Striking a similar resemblance to the CBS comedy “2 Broke Girls,” Lady Yum owners Megan Gordon and Shan S. Foisy are raising funds to turn the former downtown Kirkland Cefiore space into the home of their popular macarons.

Striking a similar resemblance to the CBS comedy “2 Broke Girls,” Lady Yum owners Megan Gordon and Shan S. Foisy are raising funds to turn the former downtown Kirkland Cefiore space into the home of their popular macarons.

They hope to have their grand opening on June 14.

Although Gordon and Foisy’s situation is a little less dire than characters Max and Caroline on “2 Broke Girls” – and they sell macarons instead of cupcakes – the women are similar in that they have created a business from passion, they’ve honed in on a niche and they’re on the cusp of a baked goods craze.

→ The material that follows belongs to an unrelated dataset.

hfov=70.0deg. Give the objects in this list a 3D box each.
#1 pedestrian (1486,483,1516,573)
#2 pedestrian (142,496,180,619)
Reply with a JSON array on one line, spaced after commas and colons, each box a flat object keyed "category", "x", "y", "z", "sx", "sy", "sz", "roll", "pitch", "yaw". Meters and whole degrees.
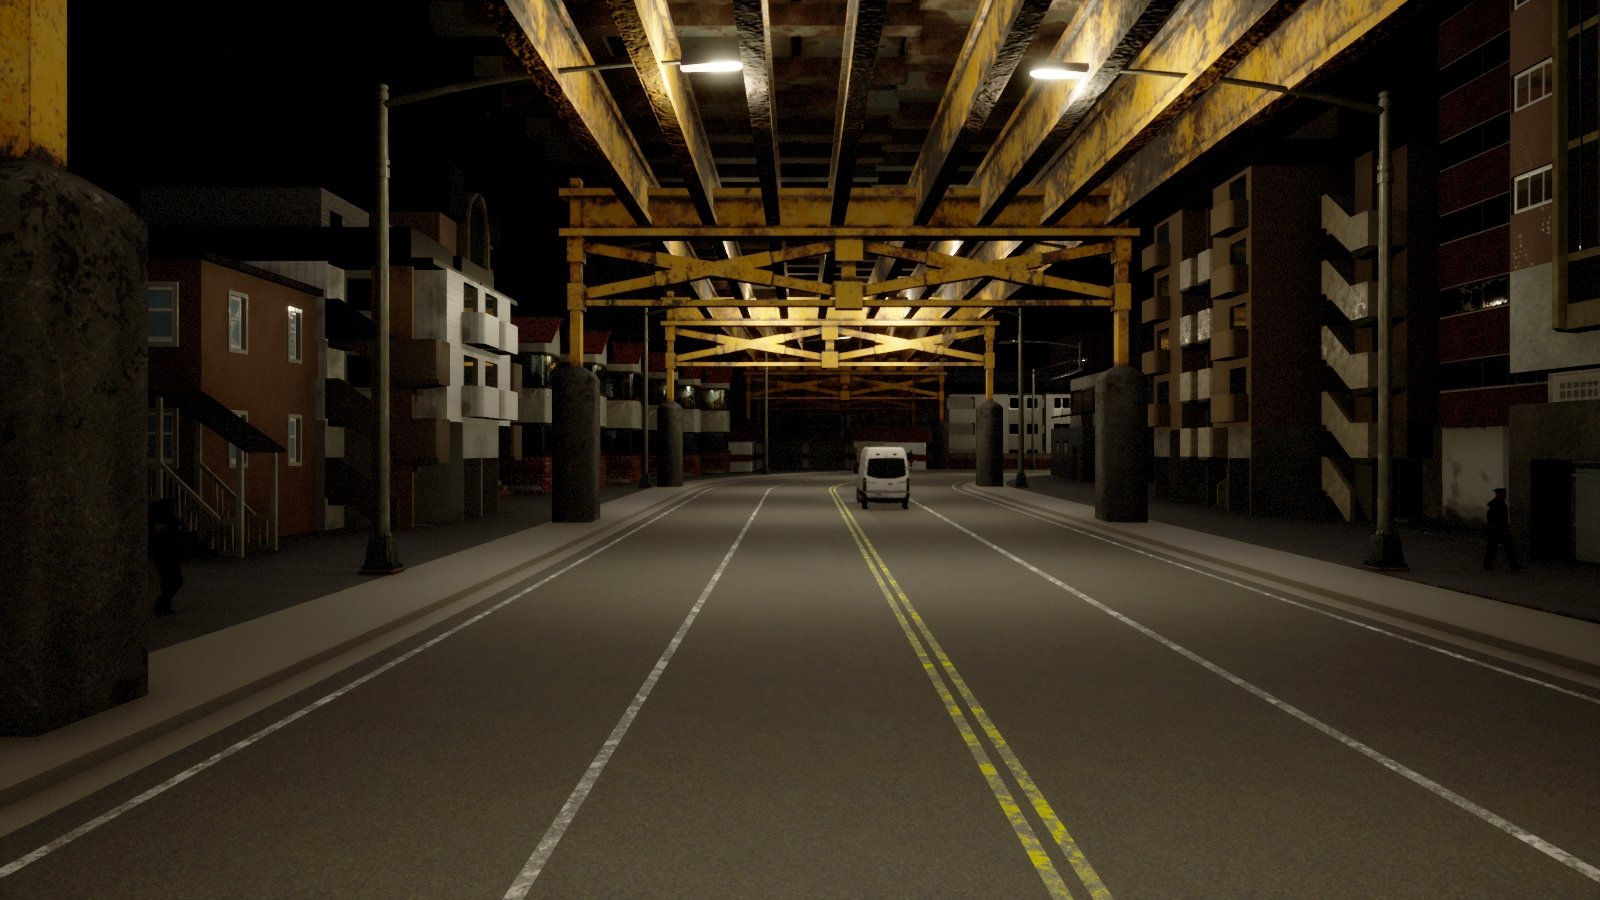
[{"category": "pedestrian", "x": 14.693, "y": 1.628, "z": 23.941, "sx": 0.375, "sy": 1.860, "sz": 0.375, "roll": 0, "pitch": 0, "yaw": -10}, {"category": "pedestrian", "x": -9.780, "y": 1.635, "z": 17.485, "sx": 0.375, "sy": 1.860, "sz": 0.375, "roll": 0, "pitch": 0, "yaw": 1}]

“There was a cupcake craze and now I’m hoping to start the macaron craze here,” Gordon said, adding that macarons are quite trendy in California and New York. The entrepreneurs use the french spelling of delectable treat.

Already, the two have surpassed their kickstarter goal of $25,000 in just 16 days. Unfortunately, after putting all of her own money into the rebuild of their store, Gordon discovered it’ll cost an additional $10,000 to raise the ceiling.

“First, it needed new floors and paint,” she said. “But then we dug around and found this cool old brick and high ceilings and it just adds so much character.”

The donations have come from past customers, friends, family and her Facebook fan base.

One of her most memorable backers was a man from Mercer Island who donated $5,000.

“I made a cake for his daughter a year ago,” Gordon said. “It’s shocking how generous people are.”

Gordon has run Lady Yum since 2011 at a commercial space from Twelve Baskets Catering in Kirkland, doing local delivery. She said she’ll keep that location when the store is finished so that they’ll have enough space for baking the macarons, cakes and other baked goods Lady Yum offers.

The store instead will act as a place for patrons to pick up orders, buy gifts or pop in for a macaron and a glass of wine, as they’re in the process of getting their liquor license.

But Gordon wasn’t always a baker and business owner, and Foisy wasn’t always a co-owner of Lady Yum.

An Alaskan native from a small village called Hoonah, Gordon came to Washington to pursue music in college at the age of 16.

Gordon enrolled at Pacific Lutheran University in Tacoma in an early admissions program to study the piano and other forms of music but ended up gravitating toward business and finance, which she would eventually get her degree in.

“I felt like I didn’t fit in with the rest of the music kids,” she said, adding that she had always baked and cooked because there was “nothing to do” in her Alaskan village growing up.

Gordon said in her 10 years of working in business and finance she managed new college graduates and always told them to figure out their natural strengths.

She described her life as working 80 hours a week and missing out on life.

“Then there was this day where I was like I think I need to start practicing what I preach,” she said. “Lots of young people associate success with money.”

And she did too, at the time. But now, “investing in the community, doing what you love” is more aligned with her perspective of success.

Gordon said the “now or never” moment pushed her to break the “golden handcuffs” of stock options near the age of 30 and embark on the “absolutely terrifying” venture of starting her own business.

Originally a custom cake and dessert tables business, she first met with Foisy to develop the Lady Yum brand. Foisy was from the San Juan Islands who had run a design studio since 2008.

Gordon continued her business but said she realized custom cakes weren’t a scalable product.

In creating customized dessert packages, the salted caramel macaron had become her number one seller, so she switched gears.

Gordon worked to perfect her gluten-free, different flavored, colorful cookies that resemble hamburgers, or macarons, which sky rocketed their popularity.

The flavors have ranged from beer and pretzel caramel for Father’s Day to Captain Crunchberry and Mango Habanero – a strangely popular one. Savory cheese and smoked salmon flavors are also on the horizon, Gordon said.

Foisy and Gordon met again for the rebrand and the two ended up discussing the idea of becoming business partners. Foisy’s background in culinary school, her French food blog and her skills in marketing, sales and graphic design made her the perfect candidate.

As business plans came together, Gordon and Foisy decided to keep their new store in Kirkland, despite the adversity they’ve seen some downtown businesses have face.

By investing in her community, hiring four new full time and four part-time employees and including other local business’s food products – think the lemon blueberry jam from a local Farmer’s Market – Gordon and Foisy believe their business model will flourish the community they love.

The Lady Yum store will be located at 111 Lake St S. in Kirkland.